You can't be serious. Look at this portion: "It was discovered by the savage exponent of the radical war party at the North, that as soon as a Confederate soldier was exchanged for one of their hirelings, the Confederate at once took his place in the ranks of the patriot army, willing and ready to devote his life in the defence of the cause he believed to be just, and of a people he knew to be shamefully outraged. On the contrary, the hireling, the pauper recruit, from some one of the European States, would in the majority of instances, under some subterfuge, sneak to the rear and wait the contingency of a pension for meritorious service.
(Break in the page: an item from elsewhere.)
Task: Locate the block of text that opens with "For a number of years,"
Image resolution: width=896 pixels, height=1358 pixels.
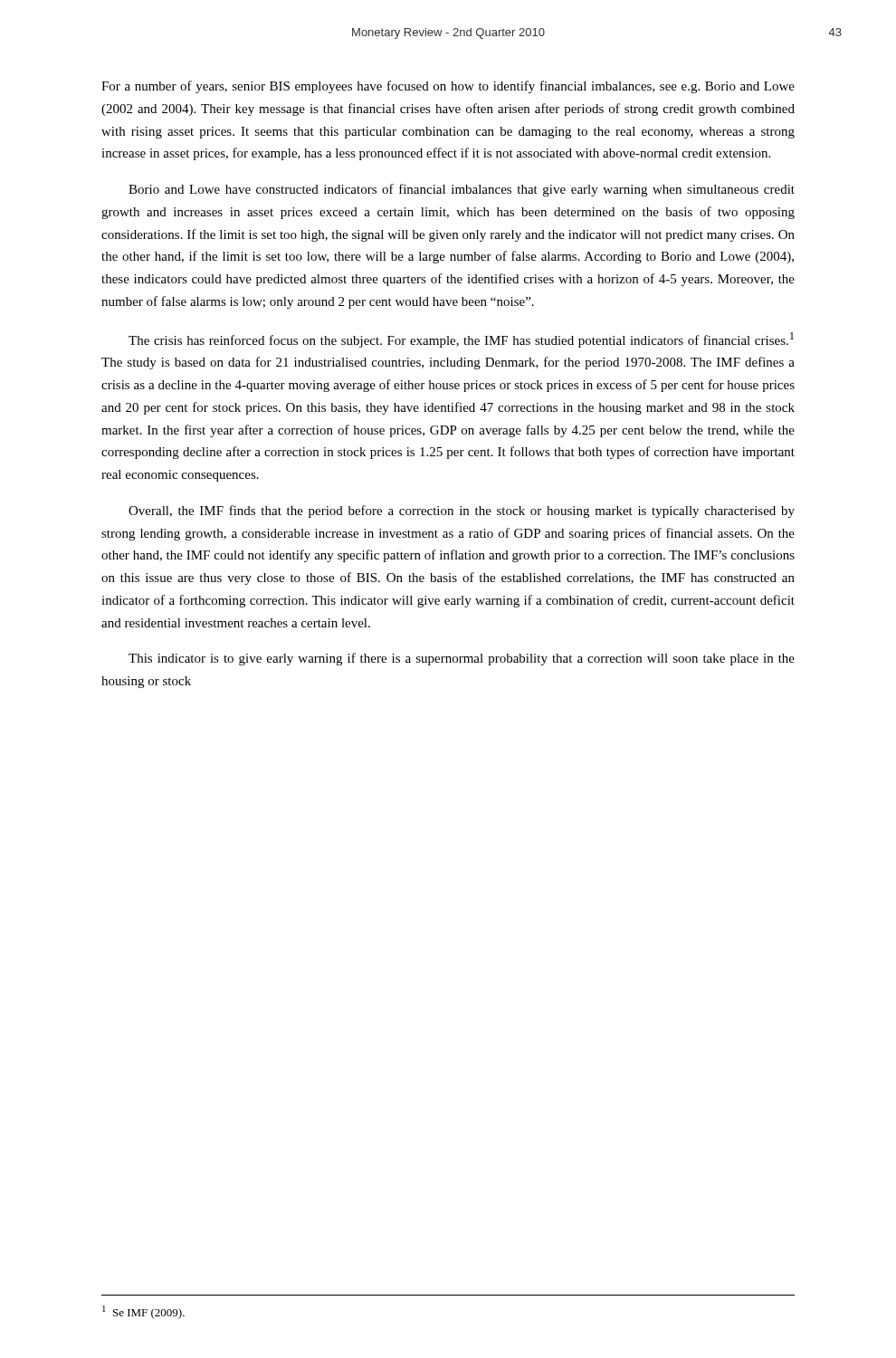Action: tap(448, 120)

At once the zealous Secretary of War found some pretext for suspending the cartel of exchange of prisoners, and for inaugurating a system of slow and certain death at the Federal prisons that will make the history of Camp Chase, Johnson's Island, Fort Delaware, and other prison pens in the frozen North, a monumental record of Stanton's brutality and the mean, vindictive spirit of his partisans."

That is so completely and utterly false that it boggles the mind that anyone would seriously consider it to be history. Not only does it denigrate Union soldiers, but it also falsifies the reason for the exchanges being halted and it falsifies the record concerning the Union prisons. Would someone please tell me how an overall death rate of 12% in Union prisons is equivalent to "certain death?"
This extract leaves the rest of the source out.